When we say the Europeans contact with the Native Americans was nothing but a disaster, we’re not joking. In every corner of the Earth where Europeans set foot, they saw themselves as superior. European contact with the Africans is one example; over 15 million blacks were captured and turned into slaves to benefit European Imperialism.
In the so-called New World — today’s North, Central and South America — Europeans showed no mercy for the people when they made contact with them. In fact, when Europeans came into contact with the American Natives, it was a literal disaster.
In the years before Christopher Columbus and his band of desperados (criminals) arrived in the Americas, Europe was in economic turmoil. There were rampant wars, poverty, disease and famine. Therefore, when news spread in Europe that a new land had been found elsewhere, kings and queens gathered their forces to claim their take of the land.
Those early Europeans believed the Natives had no right to their lands. Europeans saw themselves as exceptional. Their worldview of cultural practice and an understanding of land ownership was based on what is known as the Discovery Doctrine. This doctrine supported Europeans in their claims to land – including the people they made contact with – as their legitimate property.
Natives who resisted the imperial doctrine were mostly massacred with impunity. Take note that Europeans by then had mastered warfare and weaponry. For example, from the colonial period of the early 1500s through to the twentieth century, American natives experienced vast massacres at the hands of Europeans. It is estimated that over 100 million natives were killed as a result of European aggression and impunity.

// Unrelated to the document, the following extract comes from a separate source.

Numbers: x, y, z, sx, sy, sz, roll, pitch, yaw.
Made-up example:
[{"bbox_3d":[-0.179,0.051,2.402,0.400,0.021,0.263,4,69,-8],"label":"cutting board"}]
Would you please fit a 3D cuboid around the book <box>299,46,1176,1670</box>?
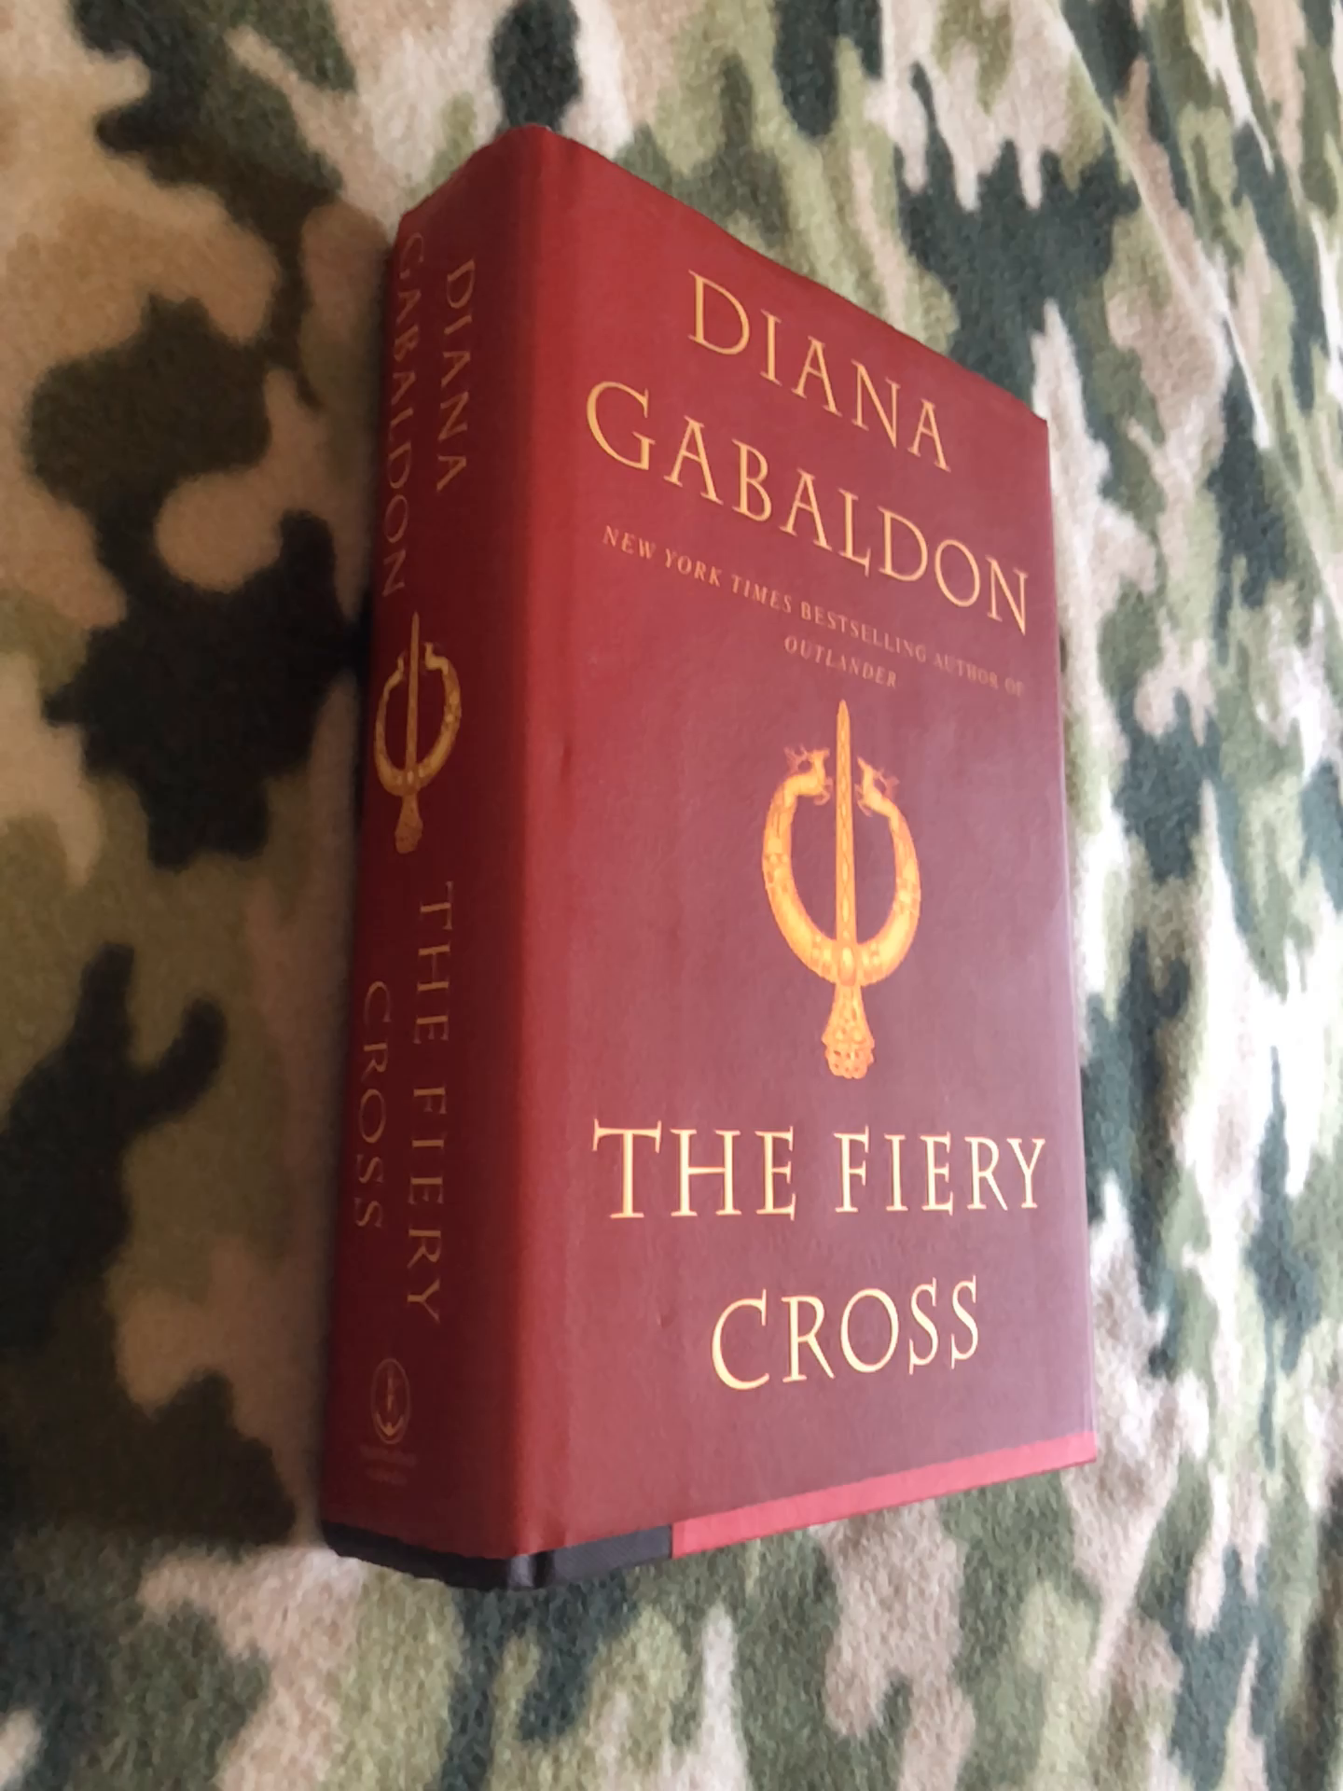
[{"bbox_3d":[0.022,-0.003,0.307,0.171,0.070,0.250,10,75,-44],"label":"book"}]

The massacre included torture, the spreading of deadly infectious diseases, terror, sexual abuse, systematic military occupations, removals from their ancestral territories, forced removal of Native American children into military-like boarding schools, allotment, culminating in an explicit policy of extermination. In short, Europeans committed genocide against Native Americans.
The killings and dehumanization of Natives continued even when the invaders fought their own European powers for independence.

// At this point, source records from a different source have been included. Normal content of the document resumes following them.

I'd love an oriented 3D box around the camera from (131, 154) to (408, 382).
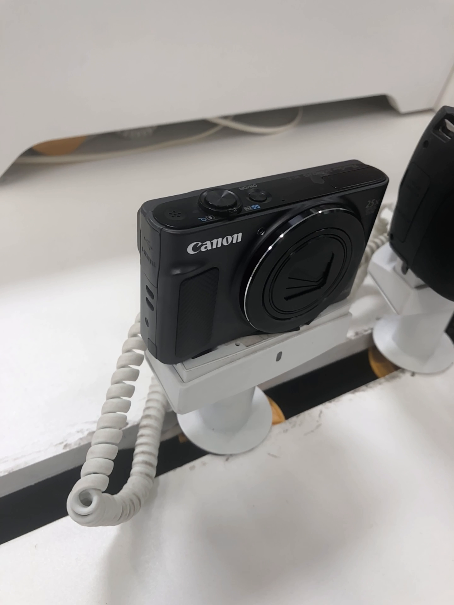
[{"bbox_3d":[0.014,-0.014,0.185,0.093,0.057,0.025,-19,51,-27],"label":"camera"}]
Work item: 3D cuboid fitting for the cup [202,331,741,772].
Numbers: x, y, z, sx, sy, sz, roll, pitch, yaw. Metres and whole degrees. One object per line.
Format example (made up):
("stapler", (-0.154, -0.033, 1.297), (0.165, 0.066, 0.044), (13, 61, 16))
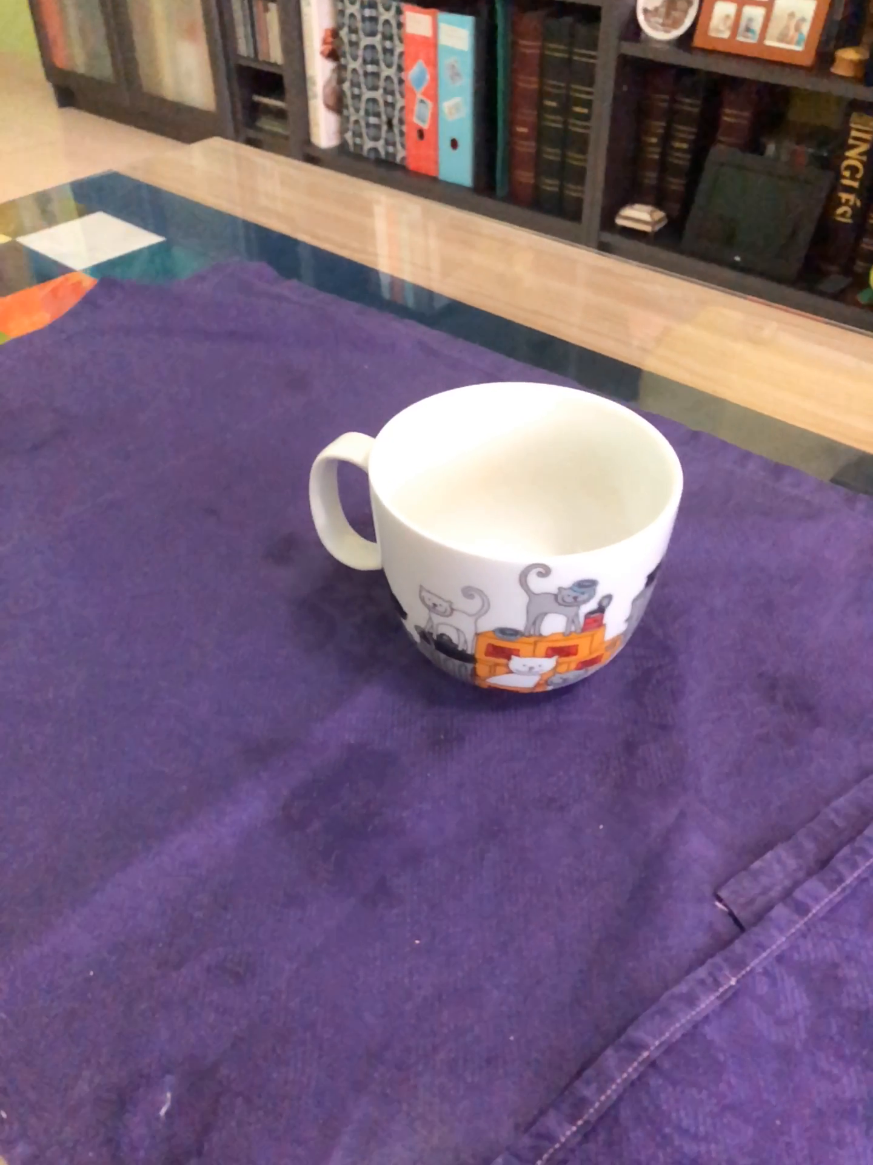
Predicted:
("cup", (0.012, -0.018, 0.321), (0.140, 0.070, 0.090), (19, 45, 22))
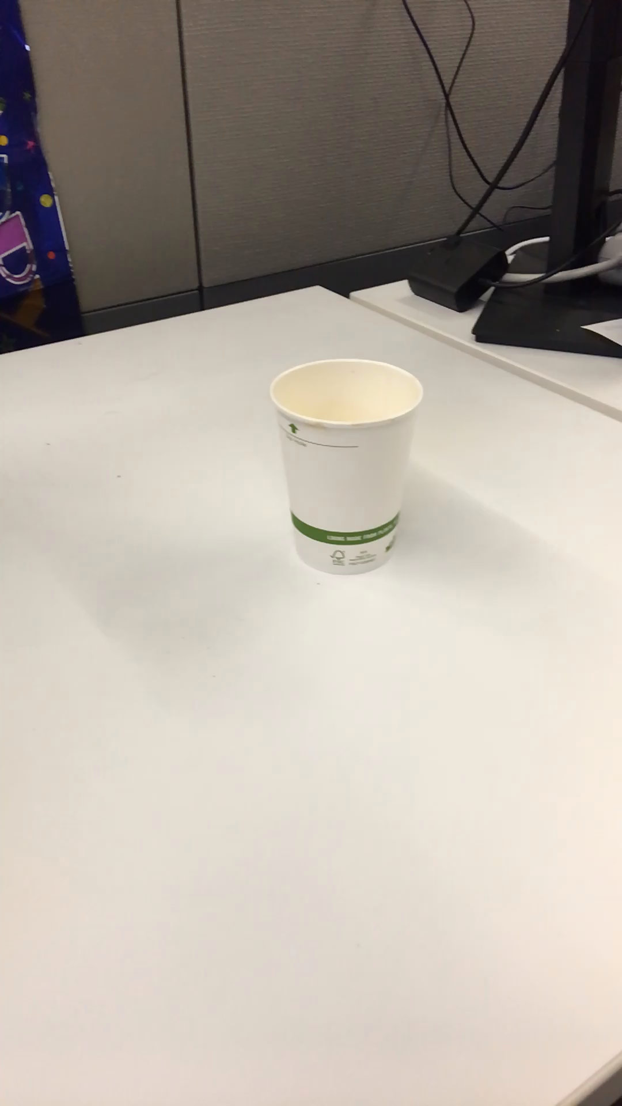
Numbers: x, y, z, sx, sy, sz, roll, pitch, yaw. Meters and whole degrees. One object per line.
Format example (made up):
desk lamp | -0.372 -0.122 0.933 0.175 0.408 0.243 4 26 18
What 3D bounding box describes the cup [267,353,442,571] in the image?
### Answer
cup | 0.022 -0.053 0.534 0.090 0.100 0.080 0 33 0
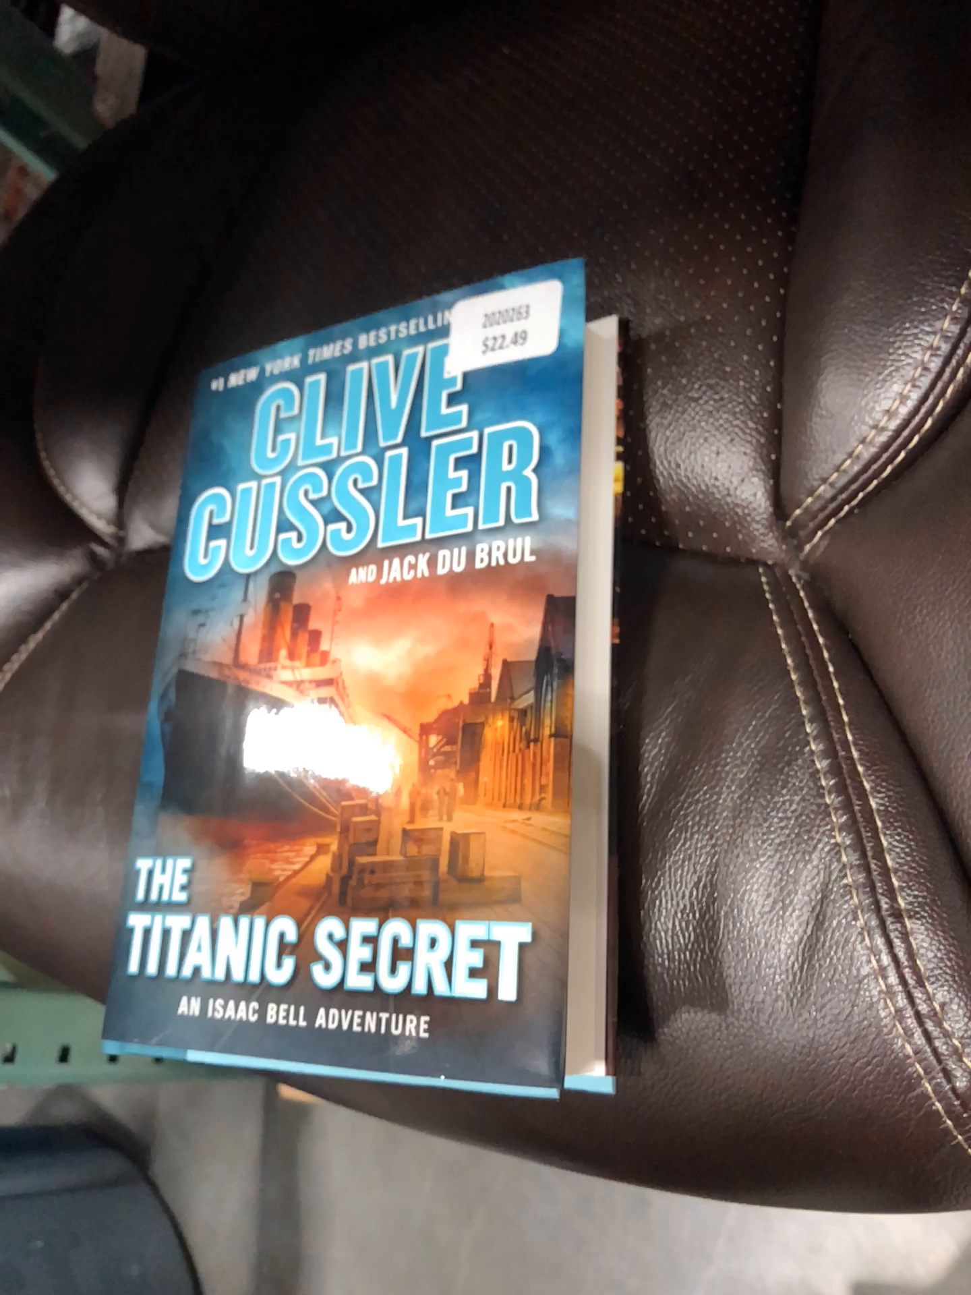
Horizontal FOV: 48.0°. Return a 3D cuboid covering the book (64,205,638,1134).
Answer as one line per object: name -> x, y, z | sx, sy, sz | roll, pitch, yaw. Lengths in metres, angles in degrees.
book -> -0.039, 0.004, 0.339 | 0.166, 0.040, 0.249 | -7, 71, 30

Between 1874 and 1996, Canada instituted a damning residential school system, also known as the Indian residential school system for Natives. The system was a network of boarding schools for Natives only. It was funded by the Canadian government’s Department of Indian Affairs, and administered by Christian churches, including the Roman Catholic Church, the United Church of Canada, the Anglican Church of Canada and the Presbyterian Church.
The school system was created for the purpose of removing Native children from the influence of their own culture and assimilating them into the dominant Canadian white culture.
Over the course of the system’s existence, it is estimated that about 30% of Native children – equivalent to 150,000 children – were placed into the residential schools across Canada.
Of course, establishing such a school to rob people off their culture is completely despicable. But what made the residential school system more despicable is the level of abuse and torture meted out against Native children who were forced into the schools.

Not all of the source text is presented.